Equality law and best practice

The main legislation covering equality in England, Wales and Scotland is the Equality Act 2010. It protects people from discrimination, harassment and victimisation that is based on certain personal characteristics, such as their sex or race.

Equality law in Northern Ireland broadly matches that in the rest of the UK, but is spread across several sets of regulations rather than a single Act and has some differences

Defining equity and equality

Which groups are protected from discrimination?

The Equality Act 2010 protects people from discrimination on the basis of their protected characteristics:

  • Age
  • Disability
  • Gender reassignment
  • Marriage and civil partnership
  • Pregnancy and maternity
  • Race
  • Religion or belief
  • Sex
  • Sexual orientation

Broadly speaking, equality legislation aims to secure equal treatment for people with a protected characteristic when compared to people without.

Employers can take “positive action” to recruit or promote people with a protected characteristic, but employers have to be careful about this.

Is everyone at work protected from discrimination?

Most individuals “in employment” are protected. This includes employees, job applicants and former employees as well as those who are genuinely self-employed (provided they are required to do the work themselves).

It also includes contract, agency, sub-contract and casual workers, temps, zero-hours contract workers, apprentices and those undertaking vocational training and work experience.

What types of conduct count as unlawful discrimination?

Direct discrimination

The most obvious type of discrimination is where someone is treated less favourably than another just because they have a protected characteristic, for example if an employer does not interview a job applicant because of their ethnic background. This is called direct discrimination.

In addition, an employer must not treat someone worse than other staff because they are “associated” with a person who has a protected characteristic, eg they have a disabled child or partner.

They must also not treat someone worse because they incorrectly think they have a protected characteristic (“perception”), such as thinking they are gay.

Indirect discrimination

If an employer does something that has a worse impact on people who share a particular protected characteristic than on people who do not have that characteristic, this is likely to count as indirect discrimination.

An example might be where a post requires the physiotherapist to move around between different sites. An employer insisting that job applicants must be able to drive, even if it is perfectly possible for them to move between sites without driving, is likely to be indirectly discriminating against disabled job applicants.

However, there are some exceptions where employers can “objectively justify” indirectly discriminating against a protected group.

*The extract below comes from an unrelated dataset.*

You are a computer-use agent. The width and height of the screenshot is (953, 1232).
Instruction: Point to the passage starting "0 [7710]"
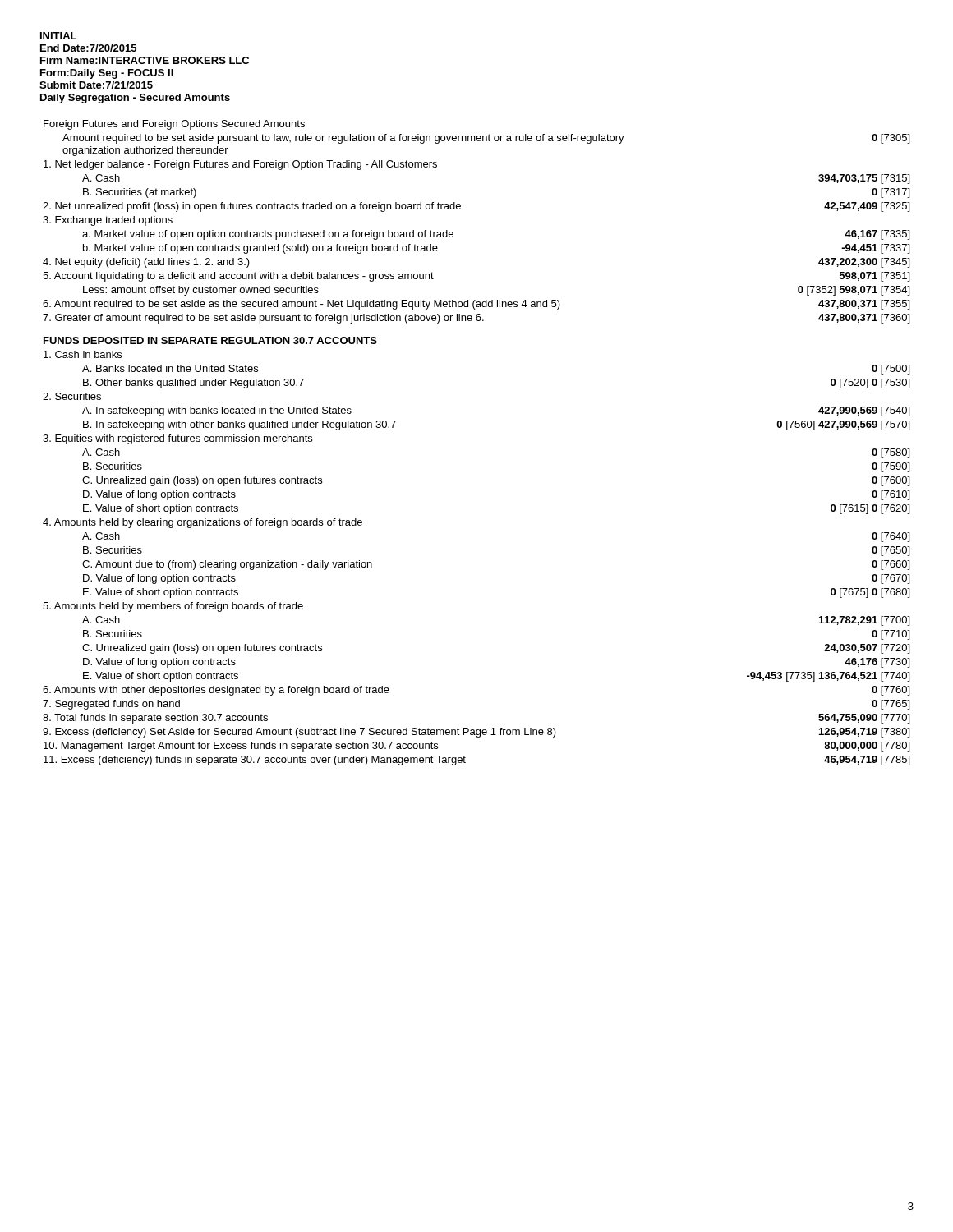(x=891, y=634)
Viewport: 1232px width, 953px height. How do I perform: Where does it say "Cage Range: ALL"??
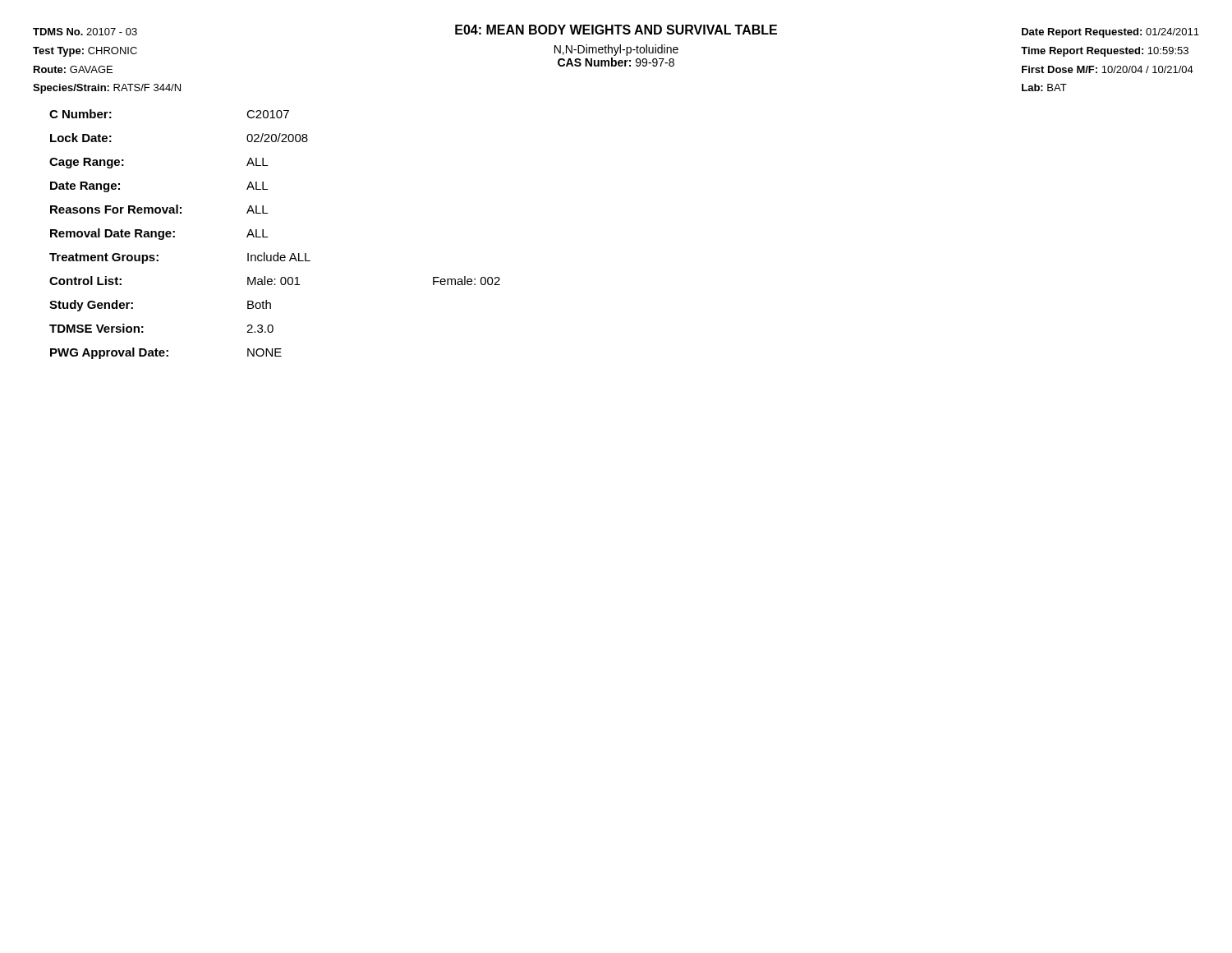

Behaving unpleasantly towards someone or bullying them because of their age, disability, gender reassignment, race, religion or belief, sex or sexual orientation is a form of unlawful discrimination. An example might be telling jokes about a person’s religion.

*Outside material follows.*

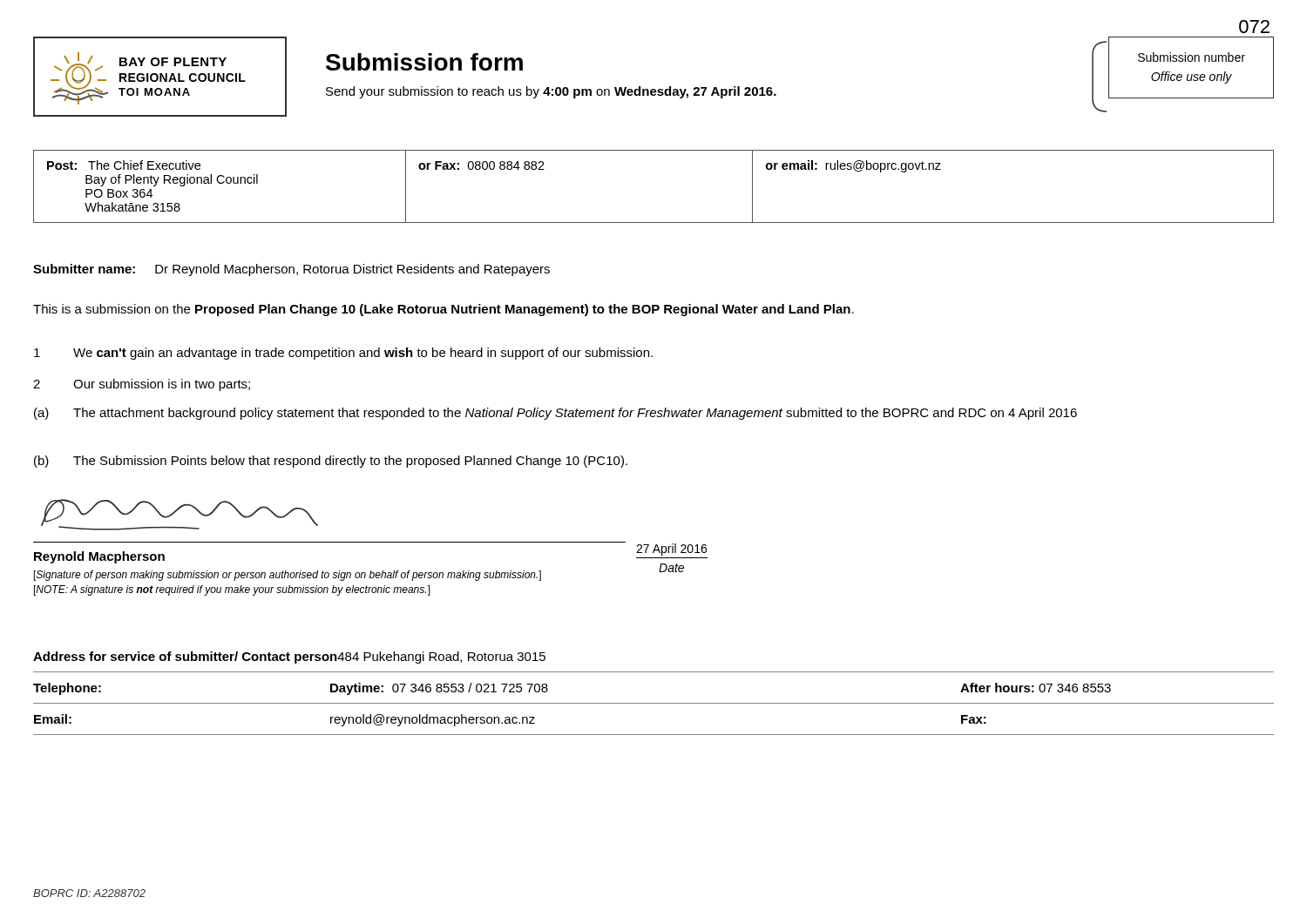Click on the logo

click(x=160, y=77)
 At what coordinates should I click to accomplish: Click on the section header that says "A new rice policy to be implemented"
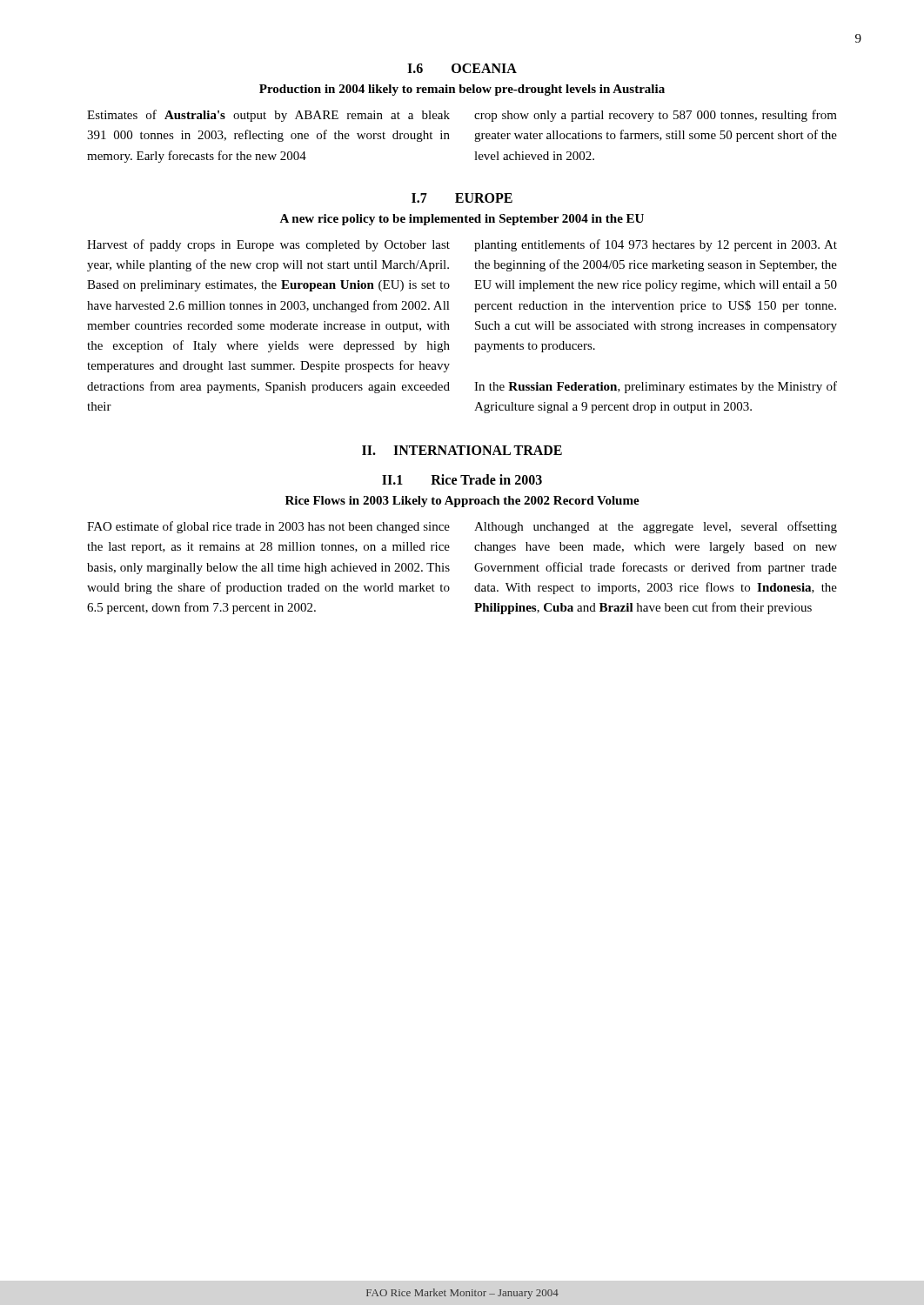click(x=462, y=218)

Treating someone unfairly because they have complained or spoken up about alleged discrimination can be unlawful discrimination in itself. An example could be denying someone promotion because they had previously raised a grievance alleging discrimination.

Employment tribunal cases

If discrimination issues are not solved adequately with the employer, a case may ultimately have to be taken to an employment tribunal.

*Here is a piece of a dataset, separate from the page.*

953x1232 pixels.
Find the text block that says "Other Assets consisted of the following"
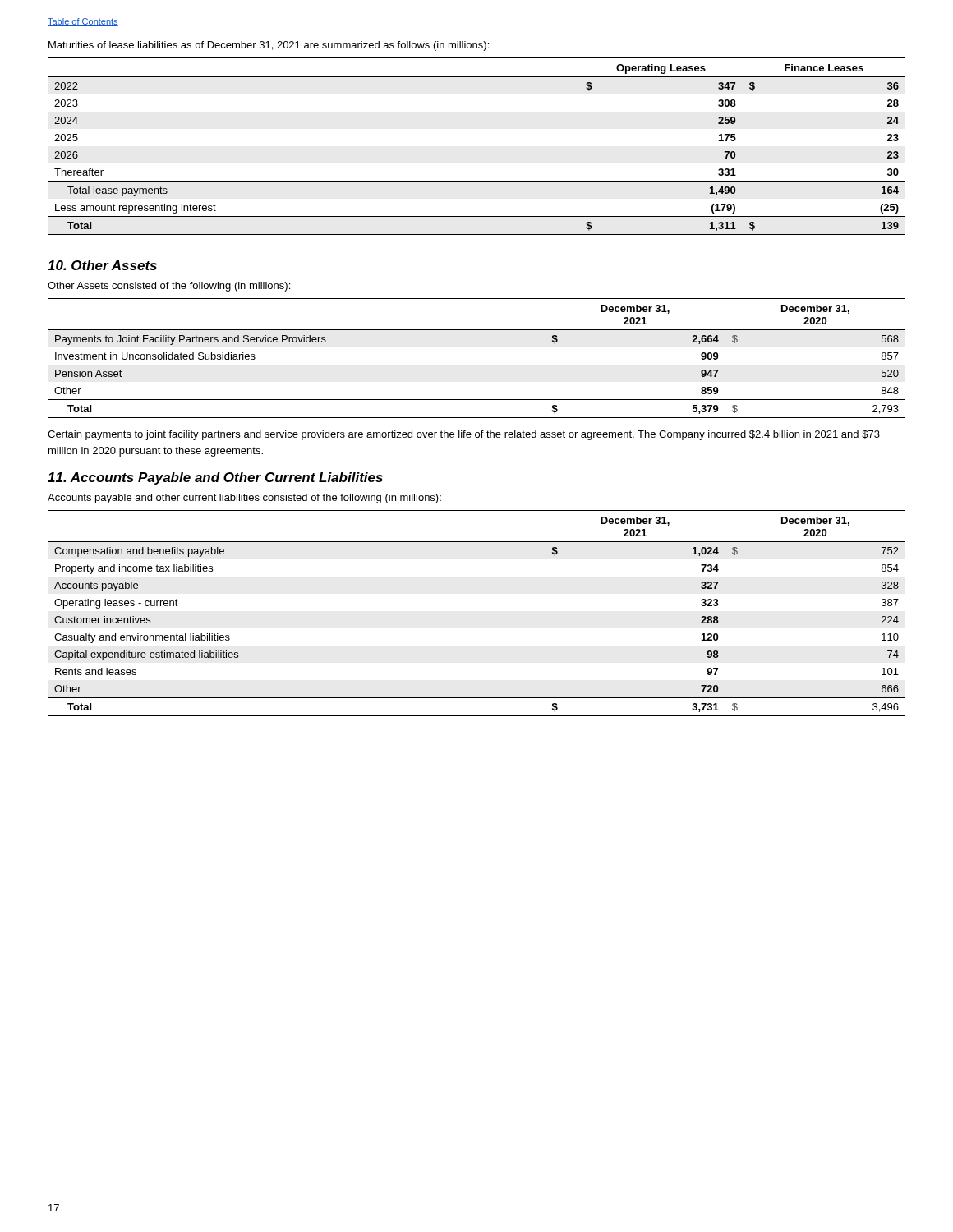tap(169, 285)

Such cases have extremely tight timescales – a claim must be lodged 3 months minus 1 day from the date the problem at work happened. CSP members and stewards who think this might be necessary should contact a Senior Negotiating Officer as soon as possible.

Extra equality requirements for the public sector

Public bodies such as NHS Trusts, and also private and voluntary bodies who carry out public functions, such as privatised NHS services, have extra legal responsibilities to promote equality as well as to prevent discrimination.

This is enshrined the Public Sector Equality Duty (PSED), which says public service bodies must pay “due regard” to the need to eliminate discrimination, advance equality of opportunity and foster good relations across all protected characteristics (although promoting equality in relation to marriage and civil partnership is not included).

In practice, paying due regard involves:

  • removing or minimising disadvantages suffered by people due to their protected characteristics;
  • taking steps to meet the needs of people from protected groups where these are different from the needs of other people; and
  • encouraging people from protected groups to participate in public life or in other activities where their participation is disproportionately low.

The duties on public bodies are stronger in Scotland, Wales and Northern Ireland, in particular they are legally required to conduct Equality Impact Assessments as part of the PSED.

Equality Impact Assessments

Equality Impact Assessments (EIAs) provide a route for an organisation to assess the impact on equality of their policies and practices and are an important way for public sector organisations to comply with the PSED.

While in England there is no formal legal requirement for employers to conduct an EIA, public bodies must be able to demonstrate they are complying with the PSED in their decision making. The Equalities and Human Rights Commission and the TUC suggest that the best way to do this is to conduct a proper EIA.

Many NHS Trusts/Boards have in place a Single Equality Scheme (SES) as part of their PSED compliance.

The law for public authorities is framed differently in Northern Ireland, and the groups to be considered include people with and without dependants and people with different political beliefs.